X_train_2, X_test_2, y_train_2, y_test_2 = train_test_split(boston_data[['RM']], boston_data.MEDV, 
                                                            random_state = 222, test_size = 0.3) # split the data

lm = linear_model.LinearRegression()
model_2 = lm.fit(X_train_2, y_train_2) # train the model

predictions_2 = model_2.predict(X_test_2) # predict values for test dataset

print("Our second model:  y = {0:.2f}".format(model_2.intercept_) + " + {0:.2f}".format(model_2.coef_[0]) + " * x")

In [ ]:
# let's visualize our regression line

plt.plot(X_test_2, y_test_2, 'o')
plt.plot(X_test_2, predictions_2, color = 'red')
plt.xlabel('Average number of rooms')
plt.ylabel('Median home value in $1000s')

In [ ]:
# let's calculate RSS and R^2

print (RSS(y_test_2, predictions_2)) 

print (lm.score(X_test_2, y_test_2))

In [ ]:
# now we can compare our models 

print("RSS for first model is {0:.2f}".format(RSS(y_test_1, predictions_1)) 
      + ", and RSS for second model is {0:.2f}".format(RSS(y_test_2, predictions_2)) + '\n' + '\n' 
      + "R^2 for first model is {0:.2f}".format(lm1.score(X_test_1, y_test_1)) 
      + ", and R^2 for second model is {0:.2f}".format(lm.score(X_test_2, y_test_2)))
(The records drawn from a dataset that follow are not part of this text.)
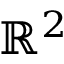<formula> <loc_0><loc_0><loc_500><loc_500>\mathbb { R } ^ { 2 }</formula> 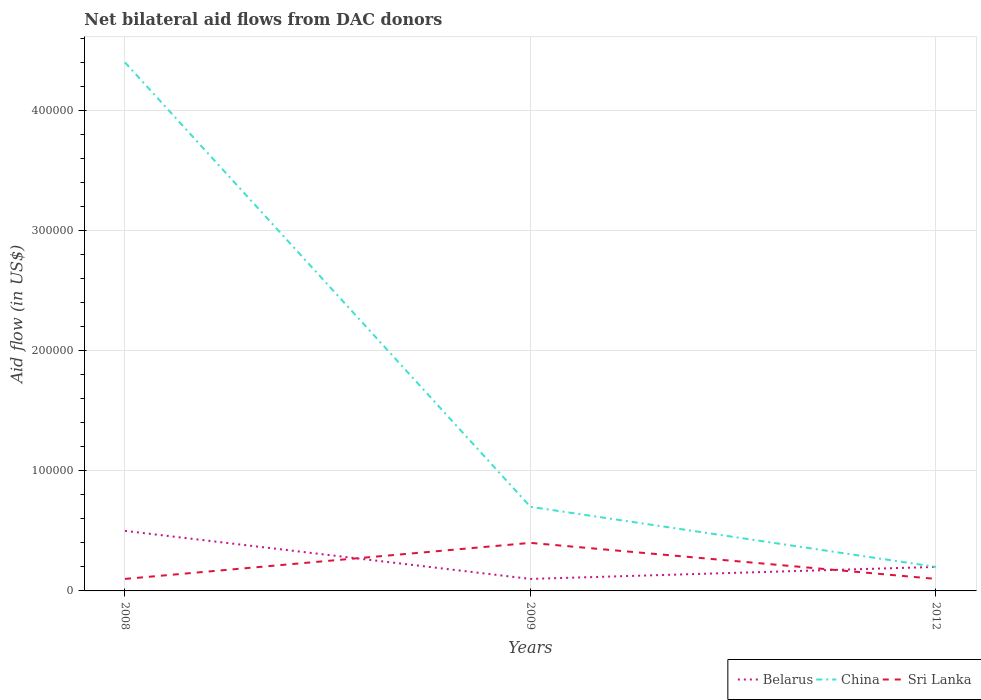How many different coloured lines are there?
Provide a short and direct response. 3. Across all years, what is the maximum net bilateral aid flow in Belarus?
Your answer should be compact. 10000. In which year was the net bilateral aid flow in Belarus maximum?
Your answer should be very brief. 2009. What is the total net bilateral aid flow in Belarus in the graph?
Offer a terse response. -10000. Is the net bilateral aid flow in China strictly greater than the net bilateral aid flow in Belarus over the years?
Provide a succinct answer. No. How many lines are there?
Your answer should be very brief. 3. How many years are there in the graph?
Ensure brevity in your answer.  3. Does the graph contain any zero values?
Your response must be concise. No. How are the legend labels stacked?
Your answer should be compact. Horizontal. What is the title of the graph?
Offer a very short reply. Net bilateral aid flows from DAC donors. Does "Uzbekistan" appear as one of the legend labels in the graph?
Provide a succinct answer. No. What is the label or title of the Y-axis?
Give a very brief answer. Aid flow (in US$). What is the Aid flow (in US$) of China in 2008?
Offer a very short reply. 4.40e+05. What is the Aid flow (in US$) of Belarus in 2009?
Give a very brief answer. 10000. What is the Aid flow (in US$) of Sri Lanka in 2009?
Ensure brevity in your answer.  4.00e+04. What is the Aid flow (in US$) of Belarus in 2012?
Your answer should be very brief. 2.00e+04. What is the Aid flow (in US$) of China in 2012?
Give a very brief answer. 2.00e+04. Across all years, what is the maximum Aid flow (in US$) in Belarus?
Your response must be concise. 5.00e+04. Across all years, what is the maximum Aid flow (in US$) of Sri Lanka?
Offer a terse response. 4.00e+04. Across all years, what is the minimum Aid flow (in US$) in China?
Keep it short and to the point. 2.00e+04. Across all years, what is the minimum Aid flow (in US$) in Sri Lanka?
Make the answer very short. 10000. What is the total Aid flow (in US$) of China in the graph?
Give a very brief answer. 5.30e+05. What is the total Aid flow (in US$) of Sri Lanka in the graph?
Offer a very short reply. 6.00e+04. What is the difference between the Aid flow (in US$) of Belarus in 2008 and that in 2009?
Keep it short and to the point. 4.00e+04. What is the difference between the Aid flow (in US$) of China in 2008 and that in 2009?
Offer a very short reply. 3.70e+05. What is the difference between the Aid flow (in US$) of Sri Lanka in 2008 and that in 2009?
Offer a very short reply. -3.00e+04. What is the difference between the Aid flow (in US$) of China in 2008 and that in 2012?
Offer a terse response. 4.20e+05. What is the difference between the Aid flow (in US$) in Sri Lanka in 2008 and that in 2012?
Provide a succinct answer. 0. What is the difference between the Aid flow (in US$) in Belarus in 2009 and that in 2012?
Provide a short and direct response. -10000. What is the difference between the Aid flow (in US$) of China in 2009 and that in 2012?
Offer a very short reply. 5.00e+04. What is the difference between the Aid flow (in US$) of Sri Lanka in 2009 and that in 2012?
Your response must be concise. 3.00e+04. What is the difference between the Aid flow (in US$) of China in 2008 and the Aid flow (in US$) of Sri Lanka in 2009?
Offer a terse response. 4.00e+05. What is the difference between the Aid flow (in US$) of Belarus in 2008 and the Aid flow (in US$) of Sri Lanka in 2012?
Offer a very short reply. 4.00e+04. What is the difference between the Aid flow (in US$) of China in 2008 and the Aid flow (in US$) of Sri Lanka in 2012?
Your answer should be compact. 4.30e+05. What is the difference between the Aid flow (in US$) of China in 2009 and the Aid flow (in US$) of Sri Lanka in 2012?
Ensure brevity in your answer.  6.00e+04. What is the average Aid flow (in US$) of Belarus per year?
Provide a succinct answer. 2.67e+04. What is the average Aid flow (in US$) in China per year?
Your response must be concise. 1.77e+05. In the year 2008, what is the difference between the Aid flow (in US$) of Belarus and Aid flow (in US$) of China?
Offer a terse response. -3.90e+05. In the year 2008, what is the difference between the Aid flow (in US$) of Belarus and Aid flow (in US$) of Sri Lanka?
Keep it short and to the point. 4.00e+04. In the year 2009, what is the difference between the Aid flow (in US$) in Belarus and Aid flow (in US$) in China?
Your response must be concise. -6.00e+04. In the year 2009, what is the difference between the Aid flow (in US$) in Belarus and Aid flow (in US$) in Sri Lanka?
Ensure brevity in your answer.  -3.00e+04. In the year 2009, what is the difference between the Aid flow (in US$) of China and Aid flow (in US$) of Sri Lanka?
Provide a short and direct response. 3.00e+04. What is the ratio of the Aid flow (in US$) of Belarus in 2008 to that in 2009?
Make the answer very short. 5. What is the ratio of the Aid flow (in US$) in China in 2008 to that in 2009?
Give a very brief answer. 6.29. What is the ratio of the Aid flow (in US$) of Sri Lanka in 2008 to that in 2009?
Provide a succinct answer. 0.25. What is the ratio of the Aid flow (in US$) in Belarus in 2008 to that in 2012?
Offer a very short reply. 2.5. What is the ratio of the Aid flow (in US$) of China in 2008 to that in 2012?
Your answer should be very brief. 22. What is the ratio of the Aid flow (in US$) of Sri Lanka in 2009 to that in 2012?
Give a very brief answer. 4. What is the difference between the highest and the second highest Aid flow (in US$) of Belarus?
Provide a succinct answer. 3.00e+04. What is the difference between the highest and the second highest Aid flow (in US$) in China?
Give a very brief answer. 3.70e+05. What is the difference between the highest and the lowest Aid flow (in US$) in China?
Offer a very short reply. 4.20e+05. What is the difference between the highest and the lowest Aid flow (in US$) of Sri Lanka?
Your response must be concise. 3.00e+04.

Since RSS is lower for second modell (and lower the RSS, better the model) and $R^{2}$ is higher for second modell (and we want $R^{2}$ as close to 1 as possible), both measures tells us that second model is better.

However, difference is not big - out second model performs slightly better, but we still can't say it fits our data well.
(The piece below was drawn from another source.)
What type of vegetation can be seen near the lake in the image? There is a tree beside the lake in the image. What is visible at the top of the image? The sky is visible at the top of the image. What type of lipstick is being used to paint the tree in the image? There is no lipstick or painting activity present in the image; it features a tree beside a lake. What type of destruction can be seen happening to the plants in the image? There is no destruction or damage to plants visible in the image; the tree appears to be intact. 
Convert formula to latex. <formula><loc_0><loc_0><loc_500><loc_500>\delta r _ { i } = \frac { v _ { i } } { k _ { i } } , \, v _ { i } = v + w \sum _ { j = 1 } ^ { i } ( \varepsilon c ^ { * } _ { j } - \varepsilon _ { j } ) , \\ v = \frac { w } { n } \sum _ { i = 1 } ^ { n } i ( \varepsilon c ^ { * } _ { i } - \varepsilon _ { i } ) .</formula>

Next thing we can try is to build a model with all features we have available and see if using multiple features improves performace of the model.


In [ ]:
X = boston_data[['CRIM', 'ZN', 'INDUS', 'CHAS', 'RM', 'AGE', 'RAD', 'TAX', 'PTRATIO', 'B', 'LSTAT']]
y = boston_data["MEDV"]

In [ ]:
X_train, X_test, y_train, y_test = train_test_split(X, y, random_state = 222, test_size = 0.3) # split the data

lm = linear_model.LinearRegression()
model_lr = lm.fit(X_train, y_train) # train the model

predictions_lr = model_lr.predict(X_test) # predict values for test dataset

print("Our third model:  \n \ny = {0:.2f}".format(model_lr.intercept_) + " {0:.2f}".format(model_lr.coef_[0]) + " * CRIM"
     + " + {0:.2f}".format(model_lr.coef_[1]) + " * ZN" + " + {0:.2f}".format(model_lr.coef_[2]) + " * INDUS"
     + " + {0:.2f}".format(model_lr.coef_[3]) + " + * CHAS" + " {0:.2f}".format(model_lr.coef_[4]) + " * RM" 
     + " + {0:.2f}".format(model_lr.coef_[5]) + " * AGE" + " + {0:.2f}".format(model_lr.coef_[6]) + " * RAD"
     + "\n    {0:.2f}".format(model_lr.coef_[7]) + " * TAX" + " {0:.2f}".format(model_lr.coef_[8]) + " * PTRATIO"
     + " + {0:.2f}".format(model_lr.coef_[9]) + " * B" + " {0:.2f}".format(model_lr.coef_[10]) + " * LSTAT")

In [ ]:
# let's evaluate the model

print("RSS for the third model is {0:.2f}".format(RSS(y_test, predictions_lr))  + '\n' + '\n' 
      + "R^2 for the third model is {0:.2f}".format(lm.score(X_test, y_test)) )

Now we can see improvement - RSS is 2000 less than for second model, and $R^{2}$ is 0.24 higher than for second model.

So out of the three models we tested, we can see that third one (with multiple features) is performing the best.

Of course, linear regression is not the only method we can use to solve this problems - there are more advanced methods like decision trees, random forests and gradient boosted trees.